DEV Community

I Built a Knowledge Evaluator That Uses Notion to Judge What's Worth Remembering

Daniel Nwaneri on March 12, 2026

Foundation kept everything. After 300 conversations, search returned noise. That was the problem I was actually trying to solve. I've been buildin...

Read full post

crow • Mar 14

The relevance scoring angle is interesting — deciding what's worth remembering is half the problem with AI memory systems. I built a semantic memory layer for my local AI that does something similar, storing exchanges as embeddings and retrieving by cosine similarity. The curation problem is real.

Daniel Nwaneri • Mar 14

Cosine similarity tells you what's related. It doesn't tell you what's worth keeping. That distinction is what the scoring signals are trying to formalize — usage, validation, specificity as proxies for "did this actually matter."
Curious how you handle the promotion decision. Do you auto-promote above a similarity threshold or is there a manual gate somewhere in the loop

crow • Mar 14

Right now it's threshold only — no promotion layer. Your point about usage and validation as proxies is exactly the gap I'm going to close. Building a memory promotion layer this weekend — usage frequency + outcome scores from the regret index as the signal for what's worth keeping. I'm open to any ideas you have in mind as well.

Daniel Nwaneri • Mar 14

The regret index as a promotion signal is clever — outcome scoring after the fact is more honest than trying to predict value upfront. One thing I'd watch: frequency alone promotes what gets repeated, not what's correct. A wrong pattern repeated 10 times scores higher than a right one used once.
The validation signal in my setup tries to catch that — was it confirmed to work, not just used. Might be worth pairing your outcome scores with a recency decay so recent regret-free events outweigh stale frequency. Happy to share the scoring code if useful.

crow • Mar 14

Good catch on the frequency problem — you're right, repeated wrong patterns would outscore a correct one used once. I added recency decay alongside the outcome scores, half-life around 42 days. Recent regret-free retrievals now outweigh stale frequency. The validation signal idea is interesting — do you confirm correctness explicitly or infer it from downstream success?

Daniel Nwaneri • Mar 15

Inferred, not explicit. The validation signal fires when the excerpt contains confirmation language - "confirmed in production," "tested," "works on," referenced docs. It's pattern matching on the text, not downstream tracking.
Explicit confirmation would be stronger but it requires closing the loop after the fact - knowing whether the thing actually worked. I don't have that yet. The regret index you have is closer to true validation than anything I'm doing. You're measuring actual outcomes. I'm measuring stated confidence at capture time.

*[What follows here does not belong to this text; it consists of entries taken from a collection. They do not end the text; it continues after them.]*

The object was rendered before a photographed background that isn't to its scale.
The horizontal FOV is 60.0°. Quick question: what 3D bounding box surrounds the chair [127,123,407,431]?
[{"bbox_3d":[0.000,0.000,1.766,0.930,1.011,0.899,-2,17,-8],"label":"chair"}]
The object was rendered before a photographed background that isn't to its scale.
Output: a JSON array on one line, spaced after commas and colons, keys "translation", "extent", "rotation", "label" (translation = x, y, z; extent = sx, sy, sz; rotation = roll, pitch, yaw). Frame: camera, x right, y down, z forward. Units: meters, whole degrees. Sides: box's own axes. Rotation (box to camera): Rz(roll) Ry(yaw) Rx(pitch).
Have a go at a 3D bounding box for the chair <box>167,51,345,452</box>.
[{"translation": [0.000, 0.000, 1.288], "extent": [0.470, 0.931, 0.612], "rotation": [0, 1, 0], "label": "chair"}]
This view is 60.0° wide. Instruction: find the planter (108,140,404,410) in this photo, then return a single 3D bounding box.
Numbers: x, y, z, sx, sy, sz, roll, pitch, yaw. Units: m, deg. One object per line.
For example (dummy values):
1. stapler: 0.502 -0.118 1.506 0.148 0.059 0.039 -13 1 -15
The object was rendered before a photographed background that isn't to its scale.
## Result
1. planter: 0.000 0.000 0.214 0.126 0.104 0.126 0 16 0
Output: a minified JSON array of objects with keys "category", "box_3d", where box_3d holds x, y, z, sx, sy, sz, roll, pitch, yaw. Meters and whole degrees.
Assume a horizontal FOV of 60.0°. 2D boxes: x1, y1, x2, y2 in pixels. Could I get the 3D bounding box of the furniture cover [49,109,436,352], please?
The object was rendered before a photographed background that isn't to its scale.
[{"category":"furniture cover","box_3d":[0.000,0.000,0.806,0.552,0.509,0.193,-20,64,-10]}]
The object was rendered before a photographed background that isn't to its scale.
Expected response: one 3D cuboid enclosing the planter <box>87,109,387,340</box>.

The 42-day half-life is interesting - how did you land on that number?

leob • Mar 12

What's so special about Notion, couldn't you just use whatever database/table(s) as the "review" queue, or was it just that it turned out to be a convenient choice?

Daniel Nwaneri • Mar 12

You could and in production Foundation uses Vectorize/D1 for this. For this challenge, Notion was the right choice for 2 reasons: it's a human-readable UI with no frontend to build and the MCP server let Claude Desktop query the same Review Queue the Worker writes to. That bidirectional loop — REST writes, MCP reads was the point of the submission.

leob • Mar 13

Okay makes sense :-)

(I'm not familiar with Notion, never used it)

Daniel Nwaneri • Mar 13

Notion is basically a flexible database with a built-in UI that non-developers can actually use. That human-friendly layer is what made it the right fit here.

Swift • Mar 12

Personally I would think about Notion as an abstracted front-end interface. It's where the collaboration and data originates, the agent is taking advantage of that using the MCP connection.

Daniel Nwaneri • Mar 12

Exactly this. And the MCP connection is what makes it more than just a UI. The Worker writes to Notion via REST, Claude Desktop queries it back via the MCP server and a human resolves it in the same view. 3 different actors, one surface.

Juan Isidoro García Cifuentes • Mar 17

I love it! It's an idea with a lot of potential. You've identified a significant gap. Best of luck!!

Daniel Nwaneri • Mar 17

Thanks,the gap felt obvious once I hit it — 300 conversations in Foundation and search started returning noise instead of signal. The evaluator is the piece that was always missing. Appreciate the kind words.

Paul R • Mar 15

the video implementation wise could be improved,to me some were point blank basic

Daniel Nwaneri • Mar 16

Appreciate the feedback. The videos are screen recordings of a live system - the value is in watching the Worker evaluate, route to Notion, and have Claude read it back via MCP in real time. Happy to hear what specifically you'd improve.